Changer … juste un peu, mais très profondément, pour arrêter d’écrire son propre désarroi, et fermer la porte aux opportunités de destruction. C’est une bonne raison, il me semble. Pourtant, faiblir et repartir dans la course effrénée du quotidien serait à l’instant T surement plus simple à mener. Mais j’ai commencé à m’écouter, et je sais que je ne veux plus cela. Alors je me force, à prendre mon temps, à prendre du recul, à laisser le silence et les images de mon esprit me guider, vers quoi, je ne le sais pas, mais j’ai encore envie d’y aller.

Combien de temps faudra-t-il pour que cela devienne un fonctionnement spontané et naturel ? Neutraliser quarante-deux ans d’auto-sabordage, ajuster la recette pour redéfinir son monde, et exister plus joliment dans cet univers remplis de desseins prometteurs, de bonheurs authentiques, de rencontres sans enjeux.

Aujourd’hui plus que jamais les gens que j’aime sont d’autant plus extraordinairement indispensables à mon bonheur.

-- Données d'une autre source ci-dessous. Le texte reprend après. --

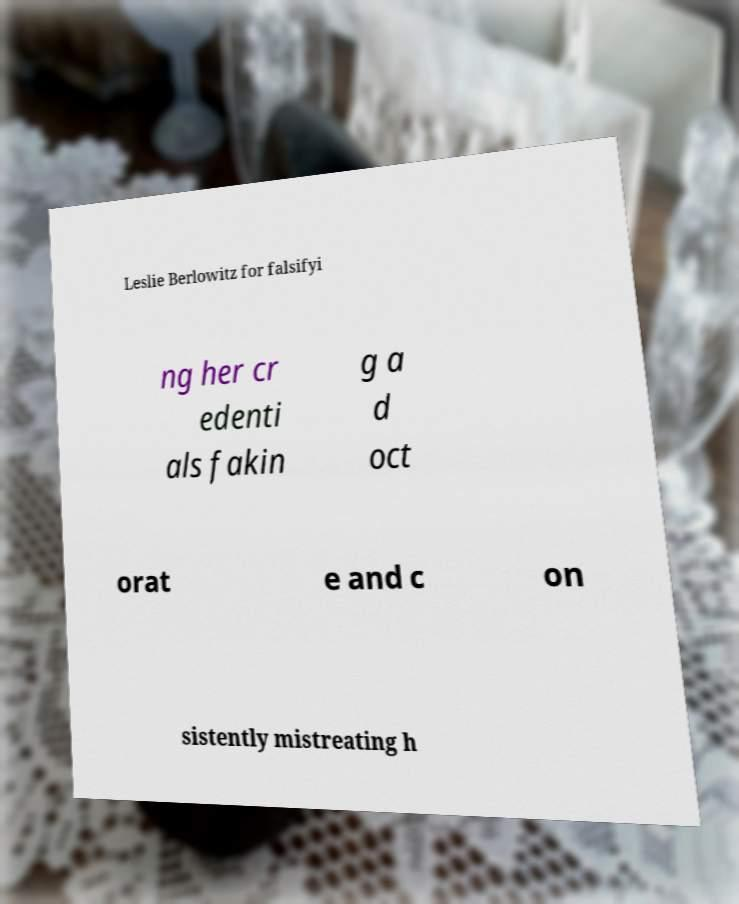What messages or text are displayed in this image? I need them in a readable, typed format. Leslie Berlowitz for falsifyi ng her cr edenti als fakin g a d oct orat e and c on sistently mistreating h 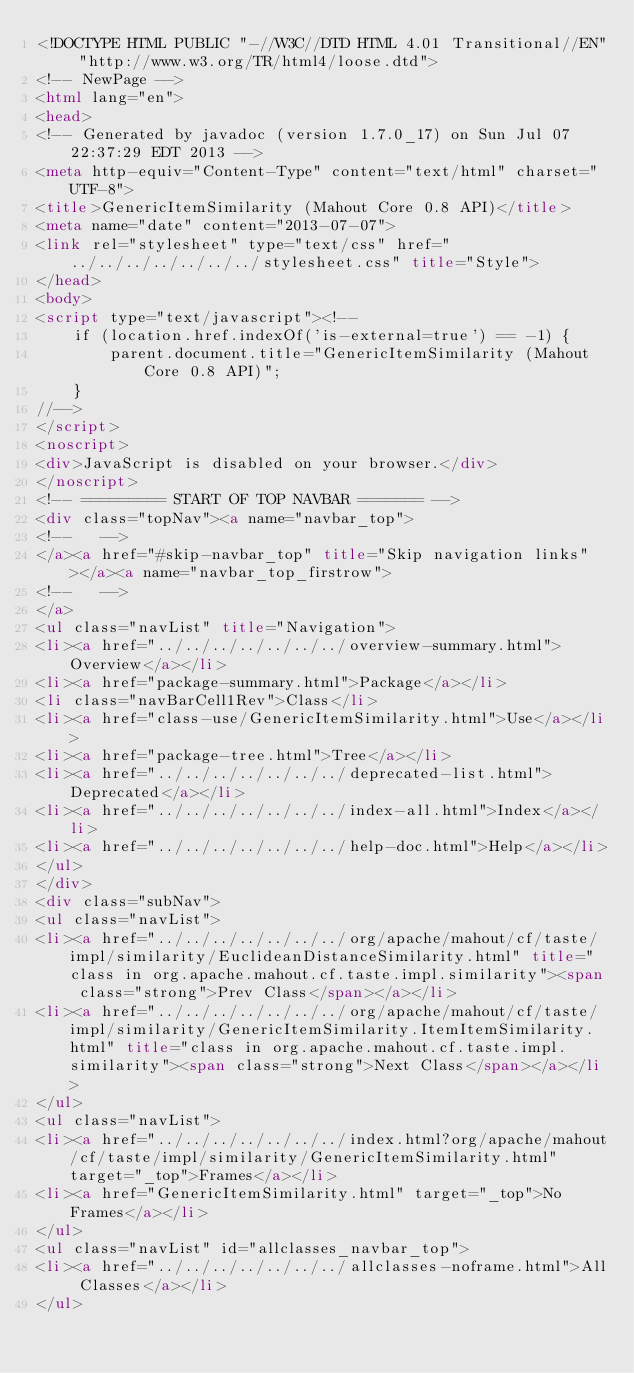<code> <loc_0><loc_0><loc_500><loc_500><_HTML_><!DOCTYPE HTML PUBLIC "-//W3C//DTD HTML 4.01 Transitional//EN" "http://www.w3.org/TR/html4/loose.dtd">
<!-- NewPage -->
<html lang="en">
<head>
<!-- Generated by javadoc (version 1.7.0_17) on Sun Jul 07 22:37:29 EDT 2013 -->
<meta http-equiv="Content-Type" content="text/html" charset="UTF-8">
<title>GenericItemSimilarity (Mahout Core 0.8 API)</title>
<meta name="date" content="2013-07-07">
<link rel="stylesheet" type="text/css" href="../../../../../../../stylesheet.css" title="Style">
</head>
<body>
<script type="text/javascript"><!--
    if (location.href.indexOf('is-external=true') == -1) {
        parent.document.title="GenericItemSimilarity (Mahout Core 0.8 API)";
    }
//-->
</script>
<noscript>
<div>JavaScript is disabled on your browser.</div>
</noscript>
<!-- ========= START OF TOP NAVBAR ======= -->
<div class="topNav"><a name="navbar_top">
<!--   -->
</a><a href="#skip-navbar_top" title="Skip navigation links"></a><a name="navbar_top_firstrow">
<!--   -->
</a>
<ul class="navList" title="Navigation">
<li><a href="../../../../../../../overview-summary.html">Overview</a></li>
<li><a href="package-summary.html">Package</a></li>
<li class="navBarCell1Rev">Class</li>
<li><a href="class-use/GenericItemSimilarity.html">Use</a></li>
<li><a href="package-tree.html">Tree</a></li>
<li><a href="../../../../../../../deprecated-list.html">Deprecated</a></li>
<li><a href="../../../../../../../index-all.html">Index</a></li>
<li><a href="../../../../../../../help-doc.html">Help</a></li>
</ul>
</div>
<div class="subNav">
<ul class="navList">
<li><a href="../../../../../../../org/apache/mahout/cf/taste/impl/similarity/EuclideanDistanceSimilarity.html" title="class in org.apache.mahout.cf.taste.impl.similarity"><span class="strong">Prev Class</span></a></li>
<li><a href="../../../../../../../org/apache/mahout/cf/taste/impl/similarity/GenericItemSimilarity.ItemItemSimilarity.html" title="class in org.apache.mahout.cf.taste.impl.similarity"><span class="strong">Next Class</span></a></li>
</ul>
<ul class="navList">
<li><a href="../../../../../../../index.html?org/apache/mahout/cf/taste/impl/similarity/GenericItemSimilarity.html" target="_top">Frames</a></li>
<li><a href="GenericItemSimilarity.html" target="_top">No Frames</a></li>
</ul>
<ul class="navList" id="allclasses_navbar_top">
<li><a href="../../../../../../../allclasses-noframe.html">All Classes</a></li>
</ul></code> 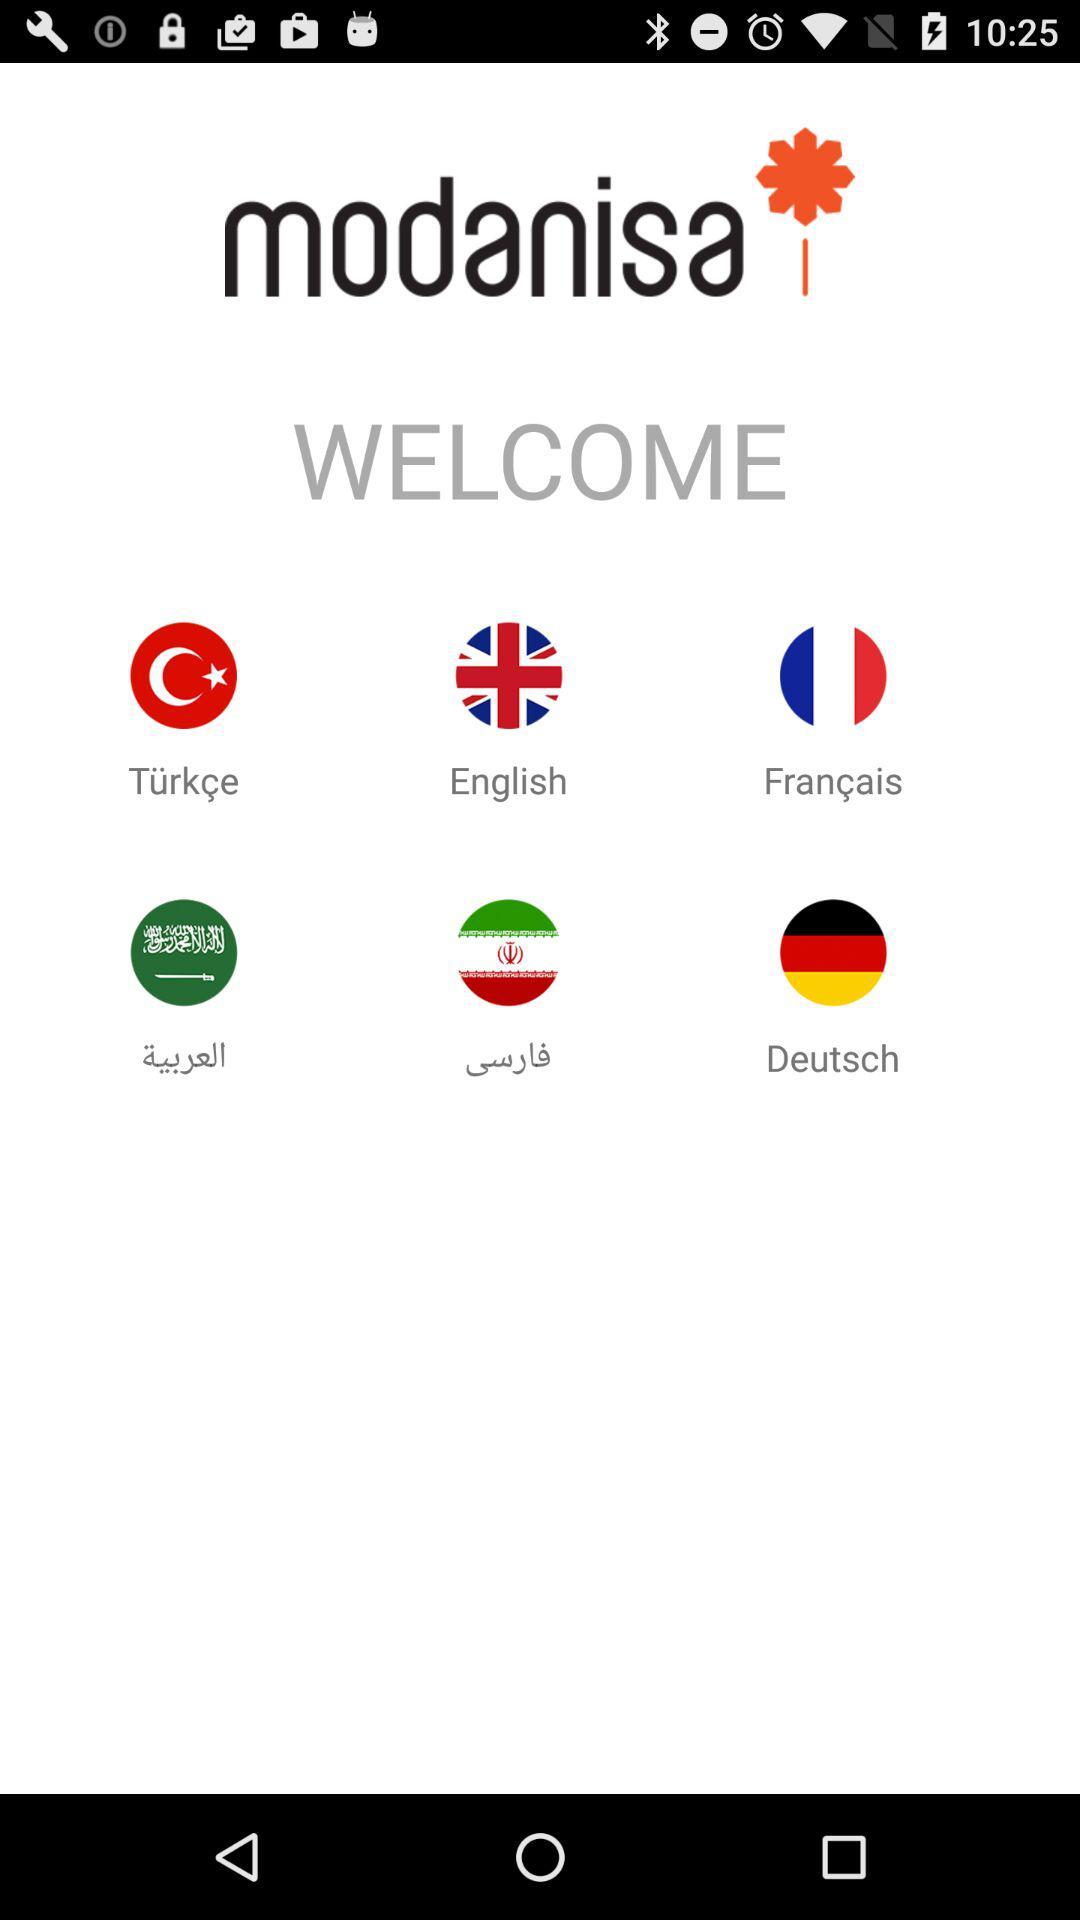What are the options available?
When the provided information is insufficient, respond with <no answer>. <no answer> 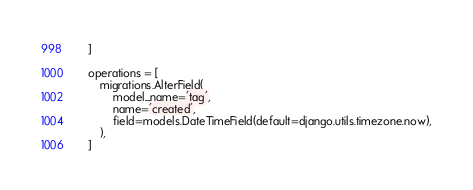<code> <loc_0><loc_0><loc_500><loc_500><_Python_>    ]

    operations = [
        migrations.AlterField(
            model_name='tag',
            name='created',
            field=models.DateTimeField(default=django.utils.timezone.now),
        ),
    ]
</code>

Mais je sais tout le travail que je dois encore faire pour que ces mêmes personnes puissent ressentir ne serait-ce que le centième de ce qu’ils m’apportent. Sans franchir cette marche, je resterai bloquée en bas, pendant que leurs âmes merveilleuses s’envoleront vers la vie, la vraie.

Je me refuse ce surplace, ce recul même qui m’a asphyxié jusque-là. Alors, je vais écrire encore et encore pour ne pas oublier mon pacte. Je vais m’auto-saouler d’aspirations et d’envies, et j’en suis sure, un jour, je me dirai « ça en valait la peine », avec ce sourire en coin qui parfois se dessine sans prévenir et que je ne soupçonnais pas avant.

Une nouvelle crise d’égocentrisme ? Et ce n’est que le début.